Behind The Ribbon: Red Ribbon Week in High Schools

This year's theme for Red Ribbon Week is "Life is Your Journey. Travel Drug Free."

Photo Courtesy of redribbon.org

This year’s theme for Red Ribbon Week is “Life is Your Journey. Travel Drug Free.”

Cadi Wilbeck

For the week of Monday, Oct. 23 to Wednesday, Oct. 31, U.S. schools are celebrating Red Ribbon Week. Sponsored by the National Family Partnership, this event encourages kids to stay away from drug-use. It is a method of communication for adults in the community to warn kids about the importance of staying clean.

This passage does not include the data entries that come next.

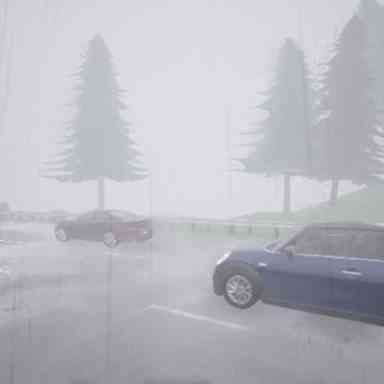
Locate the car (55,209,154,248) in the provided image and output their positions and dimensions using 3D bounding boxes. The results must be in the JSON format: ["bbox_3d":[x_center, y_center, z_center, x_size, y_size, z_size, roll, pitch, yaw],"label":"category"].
[{"bbox_3d":[-4.011,1.499,14.886,5.008,1.535,1.882,0,0,32],"label":"car"}]

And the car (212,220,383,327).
[{"bbox_3d":[2.610,1.321,6.298,4.553,1.767,2.097,-1,0,35],"label":"car"}]
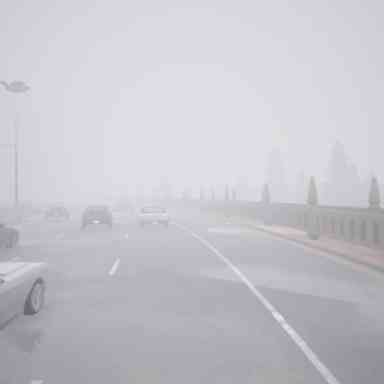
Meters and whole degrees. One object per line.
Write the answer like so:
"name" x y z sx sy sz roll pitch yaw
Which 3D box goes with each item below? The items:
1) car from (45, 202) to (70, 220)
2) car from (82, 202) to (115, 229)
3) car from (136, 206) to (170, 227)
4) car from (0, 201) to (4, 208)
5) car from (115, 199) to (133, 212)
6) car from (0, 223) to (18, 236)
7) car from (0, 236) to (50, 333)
"car" -11.984 1.621 29.771 1.812 1.442 4.674 0 0 -18
"car" -6.291 1.551 22.347 1.837 1.490 4.892 0 0 -13
"car" -2.809 1.626 22.988 1.895 1.301 4.718 0 0 -13
"car" -28.539 1.826 48.197 1.994 1.385 4.181 -1 0 -32
"car" -8.353 1.584 39.974 1.837 1.490 4.892 0 0 -22
"car" -7.896 1.567 11.845 1.812 1.442 4.674 0 0 -7
"car" -3.668 1.617 4.557 1.895 1.301 4.718 0 0 -3

Kids can get drugs from various sources, but how they get them in high schools is not widely known.

 

“Sometimes what students are doing is getting perscription drugs, and those come from stealing from family or stores,” School Resource Officer Lynette Russell said. “Or if they buy it from Colorado, and bring it into Nebraska, it eventually gets into the schools.”

 

In a study done by the Washington Association for Substance Abuse and Violence Prevention, over 40 percent of high school students have abused alcohol and/or drugs in the U.S.

 

“Drugs at Southwest aren’t a huge issue, but in general I think they’re a problem,” freshman Brianna Rinn said. “Red Ribbon Week raises awareness and informs kids on the downsides of drugs.”

 

Red Ribbon Week was started in 1985 because of the death of Enrique Camarena. He was an undercover U.S. Drug Enforcement Administration officer who was abducted, tortured, and murdered by drug dealers while in Mexico on an assignment. People around the world were outraged, and started wearing red ribbons for Camarena around their wrists. At the time, there weren’t any prominent organizations or foundations that discouraged the use of drugs in high schools.

 

“Kids do drugs, and I think the way to make them stop doing it is to just educate them,” freshman Kolyn Beard said. “Even more than we already are. I think adults don’t want to talk about it (drug-use) enough, even though Red Ribbon Week is a really great effort.”

 

This year’s theme for Red Ribbon Week is “Life is Your Journey. Travel Drug Free.” The event’s website provides infographics, curriculum ideas for all grades as well as an online course for high school students.

 

Students parents and schools can get involved by entering a photo contest, where students, parents and staff decorate the front door of a home, school, fence or mailbox with red ribbon. Then upload the photo to social media sites. The entries with the most votes in their region will recieve an iPad and $1,000 for their home school.